• WHAT NEEDS TO BE DONE: Print the records below exactly as they appear. Omit all pictures.
[[ GIVEN DATA, beginning ]]
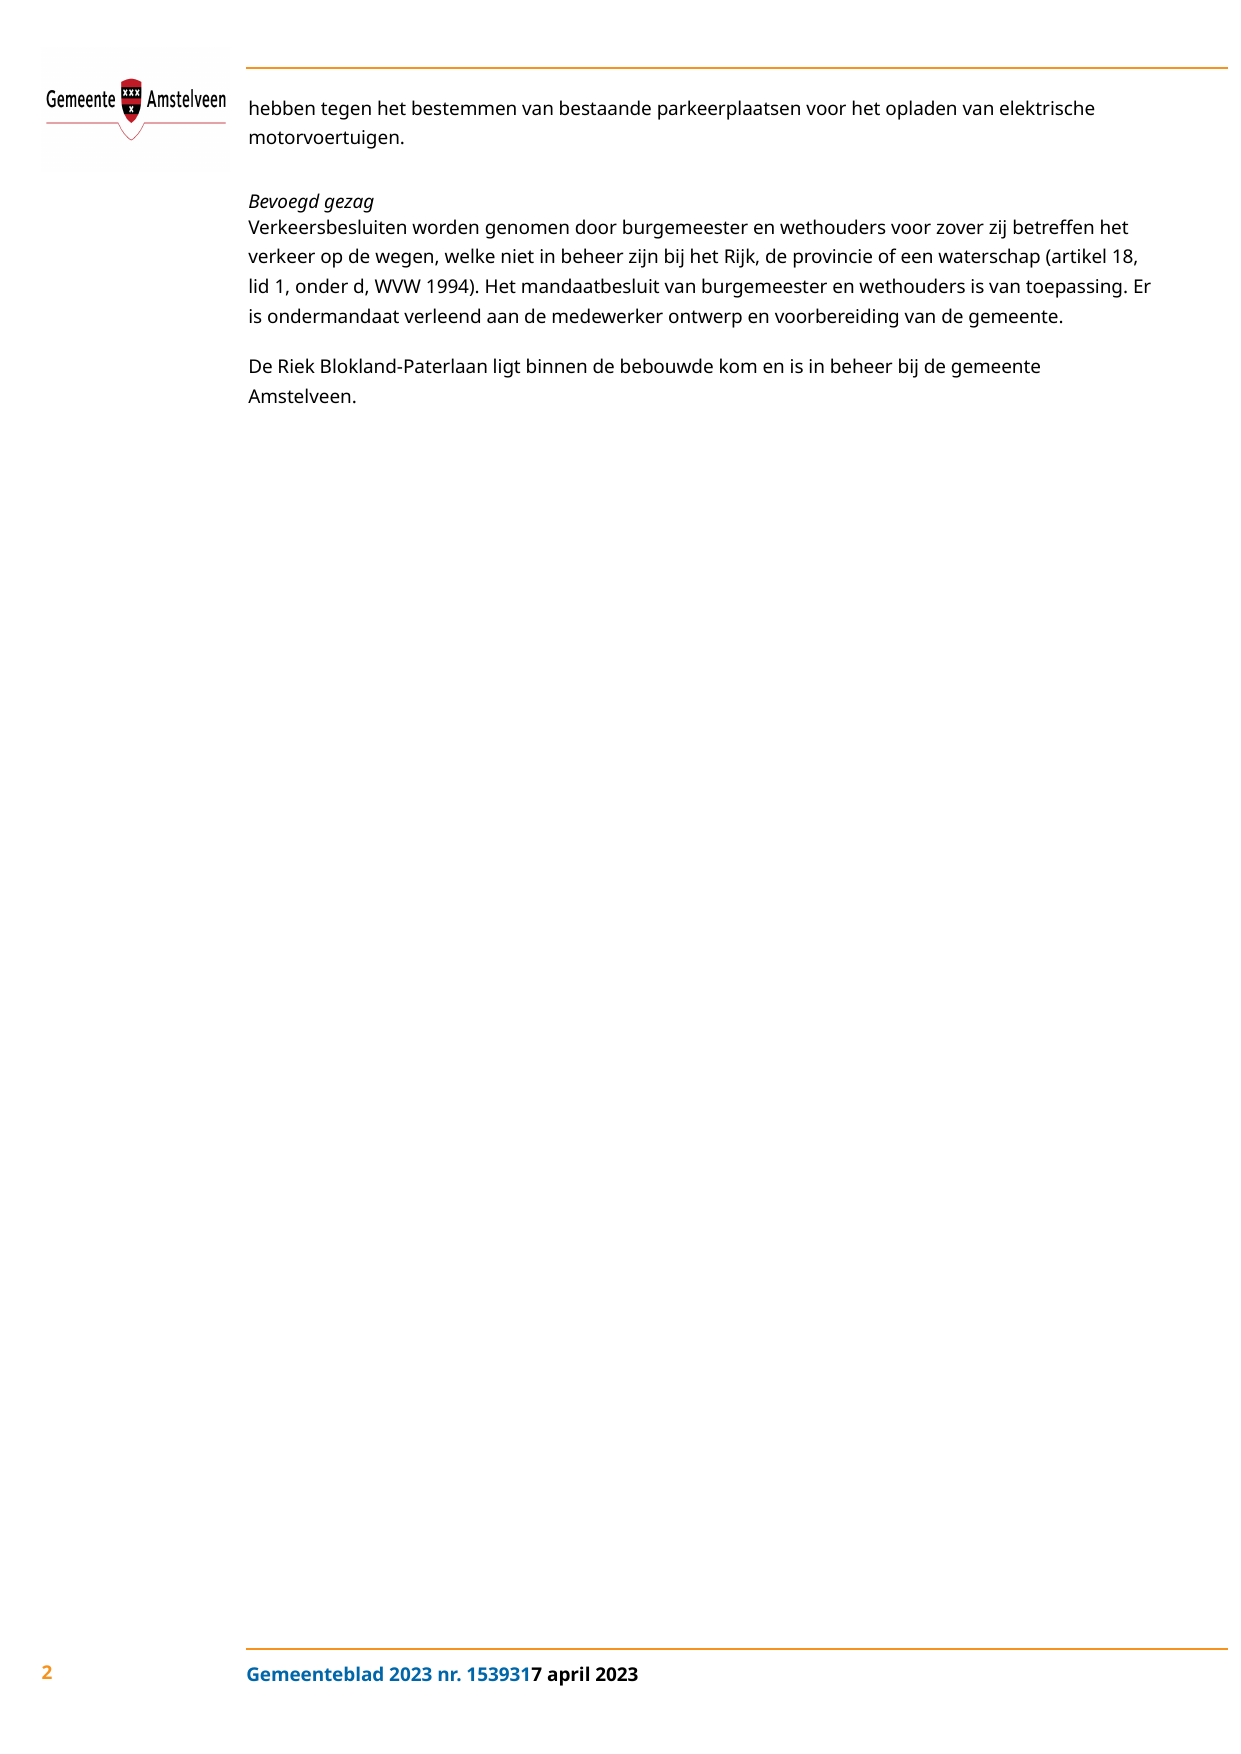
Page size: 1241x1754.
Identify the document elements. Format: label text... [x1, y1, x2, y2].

text Bevoegd gezag [248, 188, 1152, 214]
picture [41, 47, 231, 172]
text Verkeersbesluiten worden genomen door burgemeester en wethouders voor zover zij betreffen het verkeer op de wegen, welke niet in beheer zijn bij het Rijk, de provincie of een waterschap (artikel 18, lid 1, onder d, WVW 1994). Het mandaatbesluit van burgemeester en wethouders is van toepassing. Er is ondermandaat verleend aan de medewerker ontwerp en voorbereiding van de gemeente. [248, 214, 1152, 328]
text De Riek Blokland-Paterlaan ligt binnen de bebouwde kom en is in beheer bij de gemeente Amstelveen. [248, 353, 1152, 408]
text hebben tegen het bestemmen van bestaande parkeerplaatsen voor het opladen van elektrische motorvoertuigen. [248, 95, 1152, 150]
[[ GIVEN DATA, end ]]
• RESPONSE TO THIS TASK:
Page size: 1241x1754.
Identify the document elements. Format: label text... [x1, y1, x2, y2].

text Bevoegd gezag [248, 188, 1152, 214]
picture [41, 47, 231, 172]
text Verkeersbesluiten worden genomen door burgemeester en wethouders voor zover zij betreffen het verkeer op de wegen, welke niet in beheer zijn bij het Rijk, de provincie of een waterschap (artikel 18, lid 1, onder d, WVW 1994). Het mandaatbesluit van burgemeester en wethouders is van toepassing. Er is ondermandaat verleend aan de medewerker ontwerp en voorbereiding van de gemeente. [248, 214, 1152, 328]
text De Riek Blokland-Paterlaan ligt binnen de bebouwde kom en is in beheer bij de gemeente Amstelveen. [248, 353, 1152, 408]
text hebben tegen het bestemmen van bestaande parkeerplaatsen voor het opladen van elektrische motorvoertuigen. [248, 95, 1152, 150]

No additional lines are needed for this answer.